Thousands of security officers patrolled the streets of Bangladesh’s capital on Wednesday trying to prevent violence during a general strike called by 18 Opposition parties.
The strike was ostensibly organised to demand changes in electoral law and to protest the deaths of 29 people, many of them Islamic hardliners, on Monday during street demonstrations calling for new anti-blasphemy laws.
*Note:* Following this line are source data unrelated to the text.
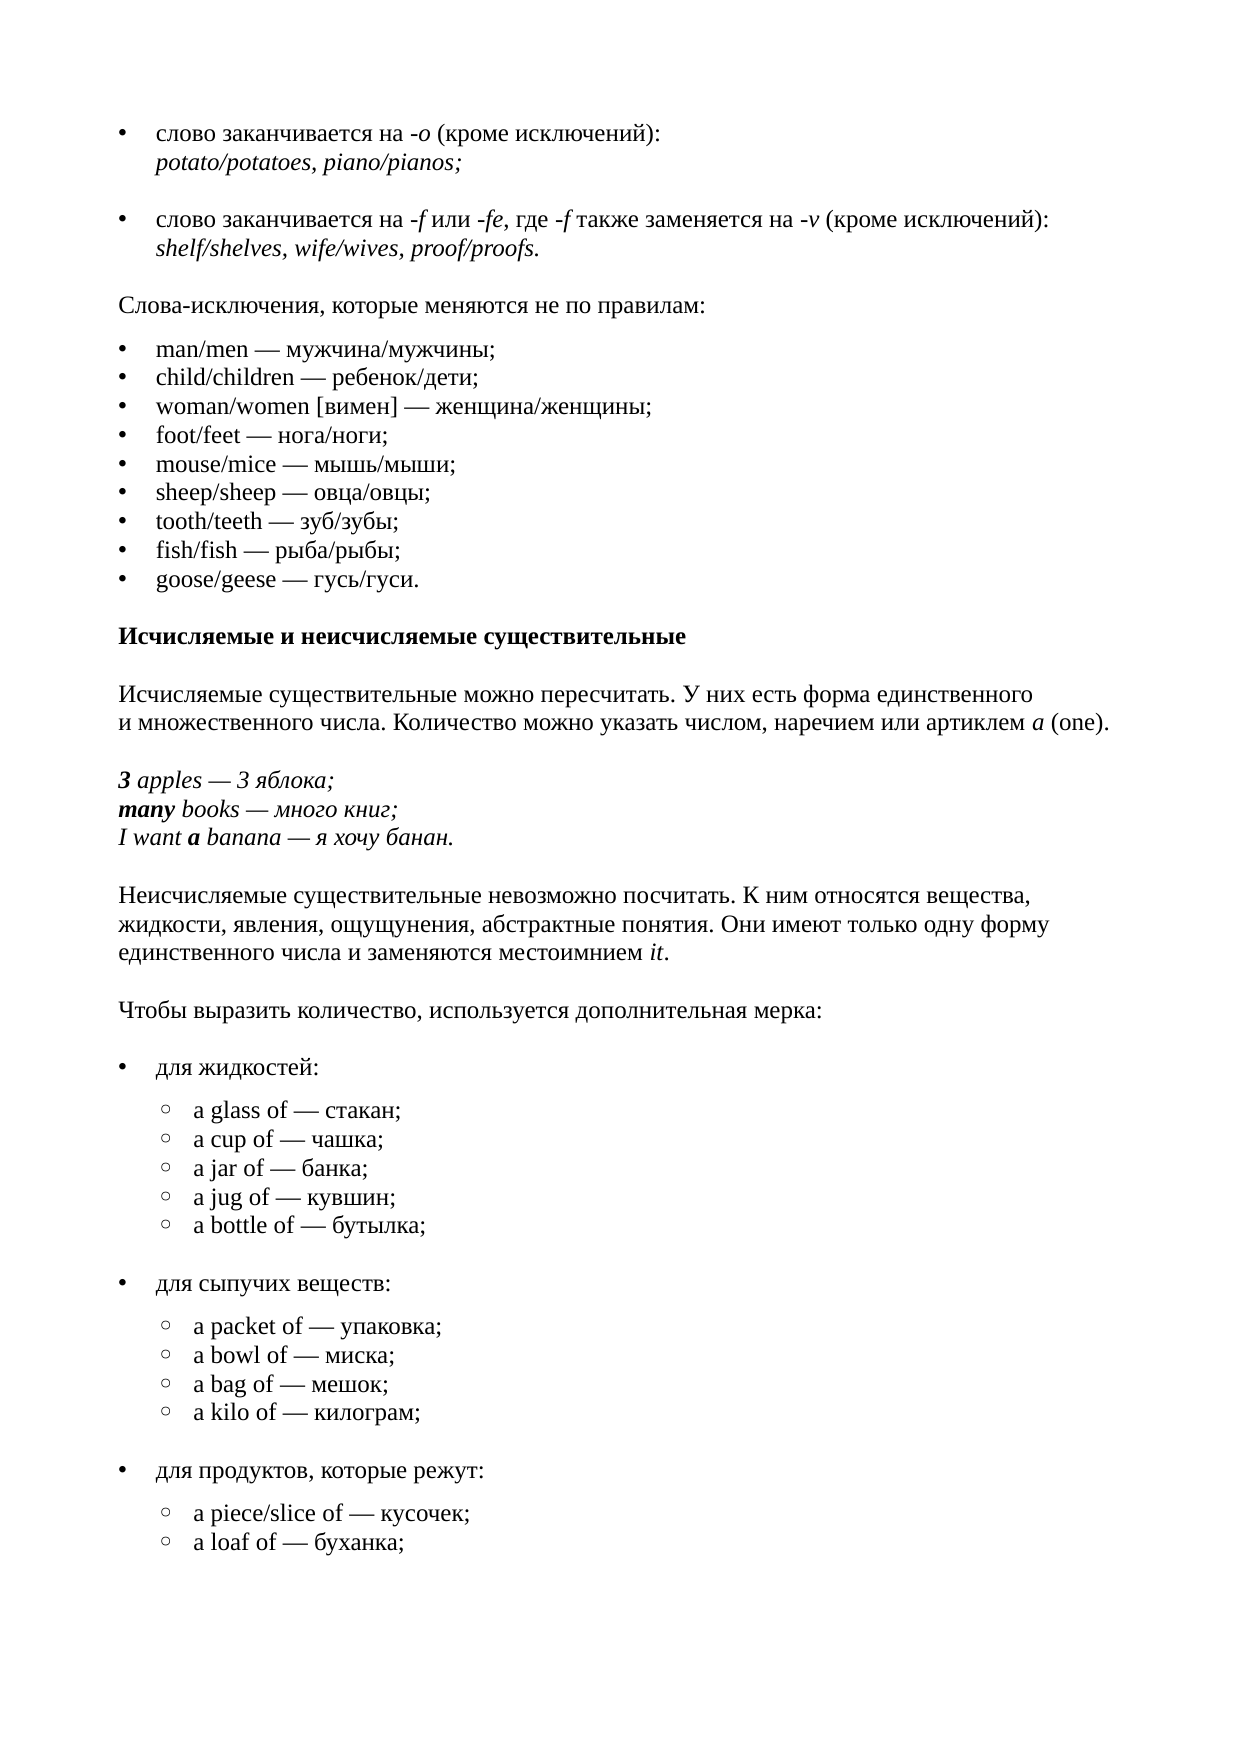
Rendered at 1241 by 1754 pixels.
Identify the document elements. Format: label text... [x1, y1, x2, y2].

text Неисчисляемые существительные невозможно посчитать. К ним относятся вещества, жидкости, явления, ощущунения, абстрактные понятия. Они имеют только одну форму единственного числа и заменяются местоимнием it. [118, 880, 1122, 966]
text Чтобы выразить количество, используется дополнительная мерка: [118, 995, 1122, 1024]
list potato/potatoes, piano/pianos; [118, 147, 1122, 176]
list a kilo of — килограм; [156, 1397, 1122, 1426]
list a packet of — упаковка; [156, 1311, 1122, 1340]
list sheep/sheep — овца/овцы; [118, 477, 1122, 506]
list слово заканчивается на -f или -fe, где -f также заменяется на -v (кроме исключений): [118, 204, 1122, 233]
list woman/women [вимен] — женщина/женщины; [118, 391, 1122, 420]
list mouse/mice — мышь/мыши; [118, 449, 1122, 477]
list foot/feet — нога/ноги; [118, 420, 1122, 449]
list для сыпучих веществ: [118, 1268, 1122, 1297]
text Слова-исключения, которые меняются не по правилам: [118, 291, 1122, 319]
list fish/fish — рыба/рыбы; [118, 535, 1122, 564]
list для продуктов, которые режут: [118, 1455, 1122, 1484]
list man/men — мужчина/мужчины; [118, 334, 1122, 362]
list для жидкостей: [118, 1052, 1122, 1081]
list child/children — ребенок/дети; [118, 362, 1122, 391]
list a bowl of — миска; [156, 1340, 1122, 1369]
list a bottle of — бутылка; [156, 1211, 1122, 1239]
list goose/geese — гусь/гуси. [118, 564, 1122, 592]
list a cup of — чашка; [156, 1124, 1122, 1153]
list tooth/teeth — зуб/зубы; [118, 506, 1122, 535]
list слово заканчивается на -o (кроме исключений): [118, 118, 1122, 147]
text и множественного числа. Количество можно указать числом, наречием или артиклем a (one). [118, 707, 1122, 736]
list a loaf of — буханка; [156, 1527, 1122, 1556]
list a jar of — банка; [156, 1153, 1122, 1182]
list a piece/slice of — кусочек; [156, 1498, 1122, 1527]
list a jug of — кувшин; [156, 1182, 1122, 1211]
list a bag of — мешок; [156, 1369, 1122, 1397]
text I want a banana — я хочу банан. [118, 822, 1122, 851]
text Исчисляемые существительные можно пересчитать. У них есть форма единственного [118, 679, 1122, 707]
text Исчисляемые и неисчисляемые существительные [118, 621, 1122, 650]
text 3 apples — 3 яблока; [118, 765, 1122, 794]
list a glass of — стакан; [156, 1096, 1122, 1124]
list shelf/shelves, wife/wives, proof/proofs. [118, 233, 1122, 262]
text many books — много книг; [118, 794, 1122, 822]
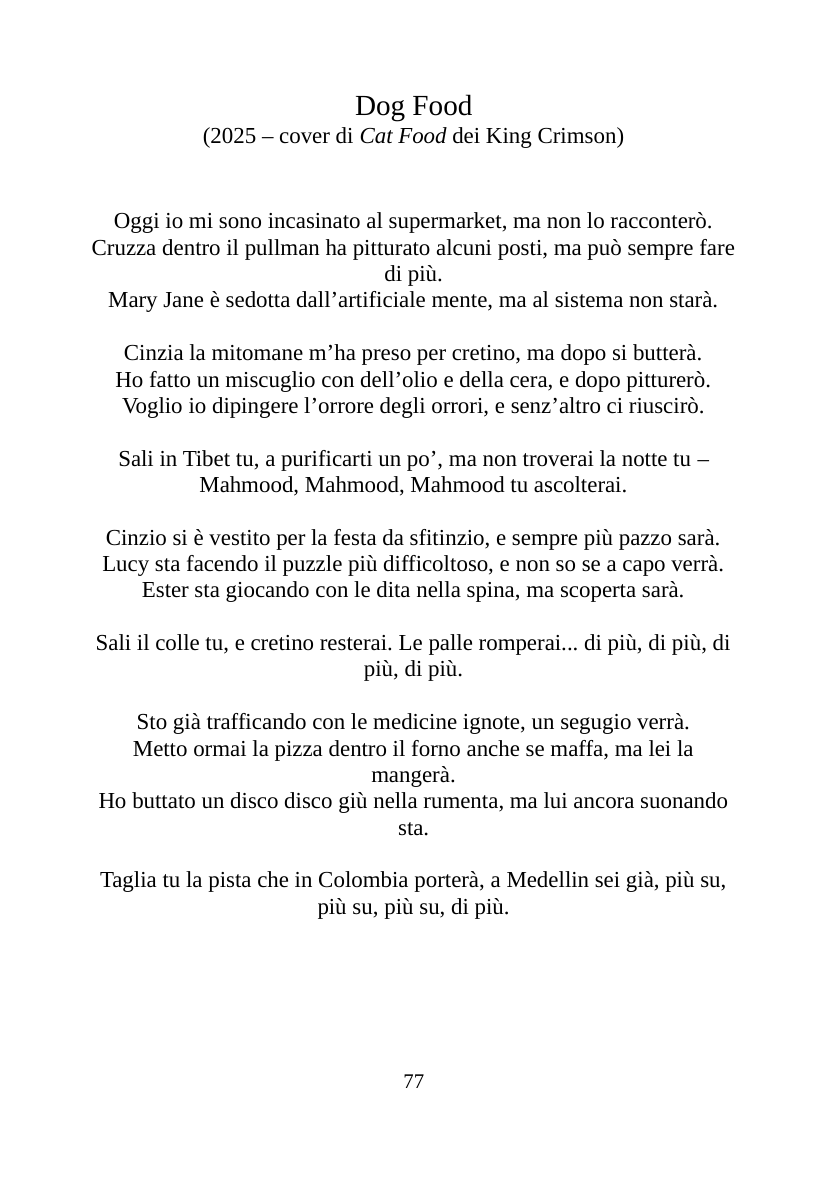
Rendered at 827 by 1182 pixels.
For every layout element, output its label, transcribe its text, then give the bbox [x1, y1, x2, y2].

text Ester sta giocando con le dita nella spina, ma scoperta sarà. [88, 576, 738, 603]
text Sali il colle tu, e cretino resterai. Le palle romperai... di più, di più, di più, di più. [88, 629, 738, 682]
text Metto ormai la pizza dentro il forno anche se maffa, ma lei la mangerà. [88, 734, 738, 787]
text Mary Jane è sedotta dall’artificiale mente, ma al sistema non starà. [88, 287, 738, 313]
text Sto già trafficando con le medicine ignote, un segugio verrà. [88, 708, 738, 734]
text Ho buttato un disco disco giù nella rumenta, ma lui ancora suonando sta. [88, 787, 738, 840]
text Taglia tu la pista che in Colombia porterà, a Medellin sei già, più su, più su, più su, di più. [88, 866, 738, 919]
text Oggi io mi sono incasinato al supermarket, ma non lo racconterò. [88, 207, 738, 234]
text Voglio io dipingere l’orrore degli orrori, e senz’altro ci riuscirò. [88, 392, 738, 418]
text Sali in Tibet tu, a purificarti un po’, ma non troverai la notte tu – Mahmood, Mahmood, Mahmood tu ascolterai. [88, 445, 738, 497]
text Lucy sta facendo il puzzle più difficoltoso, e non so se a capo verrà. [88, 550, 738, 576]
text Cruzza dentro il pullman ha pitturato alcuni posti, ma può sempre fare di più. [88, 234, 738, 287]
text Ho fatto un miscuglio con dell’olio e della cera, e dopo pitturerò. [88, 366, 738, 392]
text Dog Food (2025 – cover di Cat Food dei King Crimson) [88, 88, 738, 148]
text Cinzio si è vestito per la festa da sfitinzio, e sempre più pazzo sarà. [88, 524, 738, 550]
text Cinzia la mitomane m’ha preso per cretino, ma dopo si butterà. [88, 339, 738, 366]
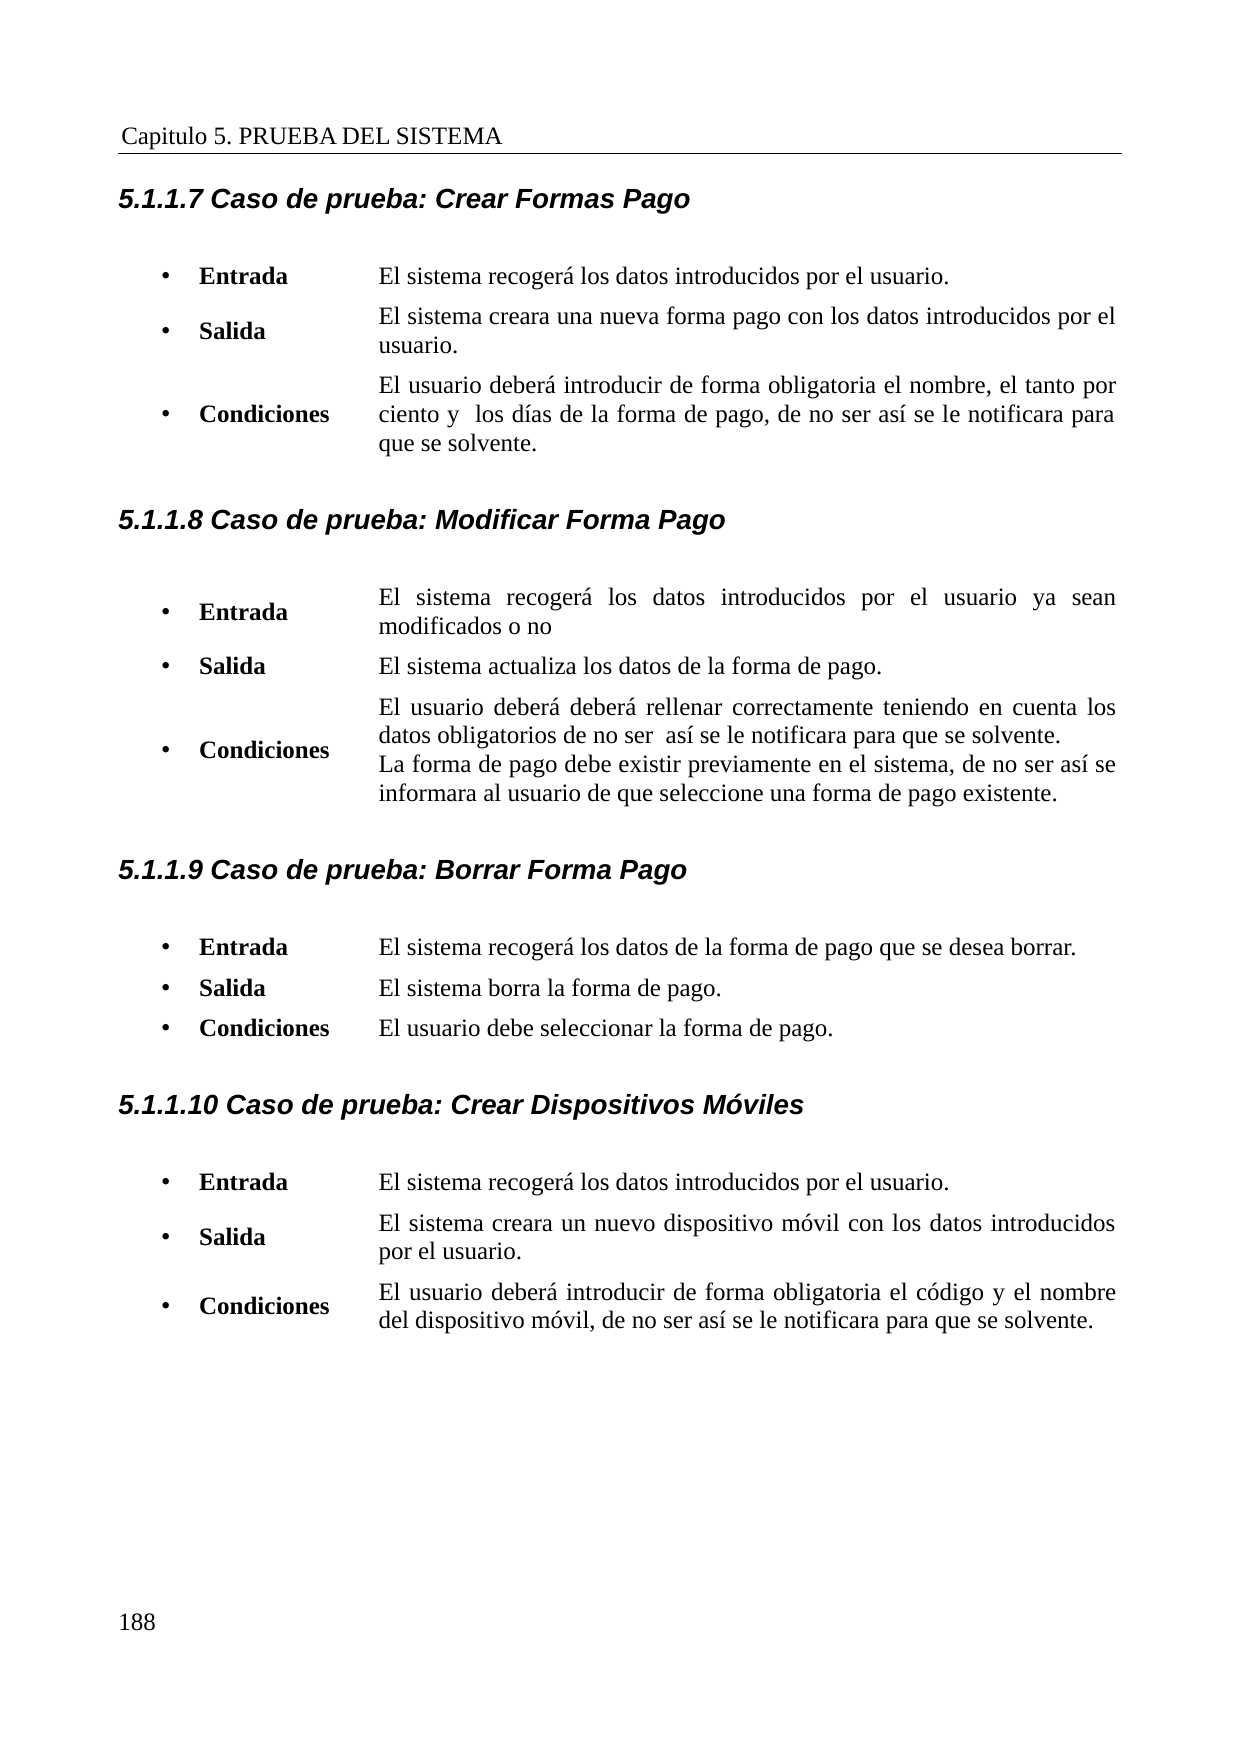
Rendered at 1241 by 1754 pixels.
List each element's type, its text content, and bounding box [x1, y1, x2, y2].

table_header El sistema recogerá los datos introducidos por el usuario ya sean modificados o no [373, 577, 1123, 646]
table_cell Salida [118, 646, 373, 686]
subtitle 5.1.1.8 Caso de prueba: Modificar Forma Pago [118, 503, 1122, 535]
table_cell Condiciones [118, 365, 373, 462]
table_cell Salida [118, 1202, 373, 1271]
table_cell El sistema borra la forma de pago. [373, 967, 1123, 1007]
table_cell El sistema actualiza los datos de la forma de pago. [373, 646, 1123, 686]
table_header Entrada [118, 927, 373, 967]
table_cell El usuario deberá introducir de forma obligatoria el nombre, el tanto por ciento y los días de la forma de pago, de no ser así se le notificara para que se solvente. [373, 365, 1123, 462]
table_cell El sistema creara una nueva forma pago con los datos introducidos por el usuario. [373, 296, 1123, 364]
table_cell El usuario debe seleccionar la forma de pago. [373, 1007, 1123, 1047]
table_cell Condiciones [118, 1007, 373, 1047]
table_header El sistema recogerá los datos de la forma de pago que se desea borrar. [373, 927, 1123, 967]
table_header Entrada [118, 1162, 373, 1202]
subtitle 5.1.1.10 Caso de prueba: Crear Dispositivos Móviles [118, 1088, 1122, 1120]
table_cell El sistema creara un nuevo dispositivo móvil con los datos introducidos por el usuario. [373, 1202, 1123, 1271]
table_cell Salida [118, 296, 373, 364]
subtitle 5.1.1.9 Caso de prueba: Borrar Forma Pago [118, 853, 1122, 885]
subtitle 5.1.1.7 Caso de prueba: Crear Formas Pago [118, 182, 1122, 214]
table_cell El usuario deberá introducir de forma obligatoria el código y el nombre del dispositivo móvil, de no ser así se le notificara para que se solvente. [373, 1271, 1123, 1340]
table_header Entrada [118, 577, 373, 646]
table_header El sistema recogerá los datos introducidos por el usuario. [373, 255, 1123, 296]
table_header Entrada [118, 255, 373, 296]
table_cell Condiciones [118, 686, 373, 812]
table_cell Condiciones [118, 1271, 373, 1340]
table_cell Salida [118, 967, 373, 1007]
table_cell El usuario deberá deberá rellenar correctamente teniendo en cuenta los datos obligatorios de no ser así se le notificara para que se solvente. La forma de pago debe existir previamente en el sistema, de no ser así se informara al usuario de que seleccione una forma de pago existente. [373, 686, 1123, 812]
table_header El sistema recogerá los datos introducidos por el usuario. [373, 1162, 1123, 1202]

But many Bangladeshis see the protests as continuing gamesmanship between Prime Minister Sheikh Hasina and her archrival former Prime Minister Khaleda Zia ahead of elections next year.
“These politicians have gone mad,” said Dildar Ahmed, a 50-year-old taxi driver. “They are fighting to gain power over our dead bodies.”
Rioting has swept Bangladesh since late February when a war crimes tribunal convicted Delwar Hossain Sayedee, a top leader of the small Opposition party Jamaat-e-Islami, of committing atrocities during Bangladesh’s 1971 war for independence against Pakistan. Clashes between police and Sayedee’s supporters killed more than 70 people. War crimes trials of other Opposition leaders are pending.
The Opposition has accused Hasina of using the tribunals to try to weaken her opponents ahead of the elections, which she denies. Jamaat-e-Islami is a key Zia ally that was a coalition partner in her Government from 2001 to 2006.
The Opposition also is demanding the restoration of a constitutional provision that mandated elections be held under a neutral caretaker administration. The system was abolished two years ago after the Supreme Court ruled it unconstitutional.
Fearing arrest by the war crimes tribunals, Jamaat leaders have gone into hiding.
But a new group emerged in its place.
Hefazat-e-Islam, led by a respected octogenarian Islamic thinker Shah Ahmed Shafi, says it is a non-political organisation fighting those who want to undermine Islam. It accused the Government of tolerating blogs ridiculing the country’s dominant religion and has called for a harsher law against blasphemy.
The Government rejected the demand, saying current laws were sufficient and reaffirming the nation’s secular character.
Many in Bangladesh suspect Shafi’s group is a Jamaat proxy, pointing to its roots in the country’s thousands of Islamic schools, reported financing by Jamaat and backing by Saudi Arabia.
“The blasphemy law is not the real issue here. This group of fighting for Jamaat to protect the war crimes suspect.” said Anwarul Azim, head of a university in southeastern Chittagong, where Shafi has his headquarters in an Islamic school.
Analysts also see the latest street fights as prelude to the show of power ahead of next year’s general election.
“In the final analysis, the game is all for power,” said Hassan Shahriar, a political columnist. “Zia is supporting the hardliners not out of love for them, but for their support in the next elections.”
Jamaat and the Islamic groups command nearly 3 per cent of the vote.
Last week, Hasina offered to hold talks with Zia to try to end the unrest.
“Strikes and deaths on the streets are not a solution,” she said, “Talking to each other is the best way to settle political differences.”
Zia has turned down the offer, saying the Government must first agree to appoint a caretaker administration to oversee the election.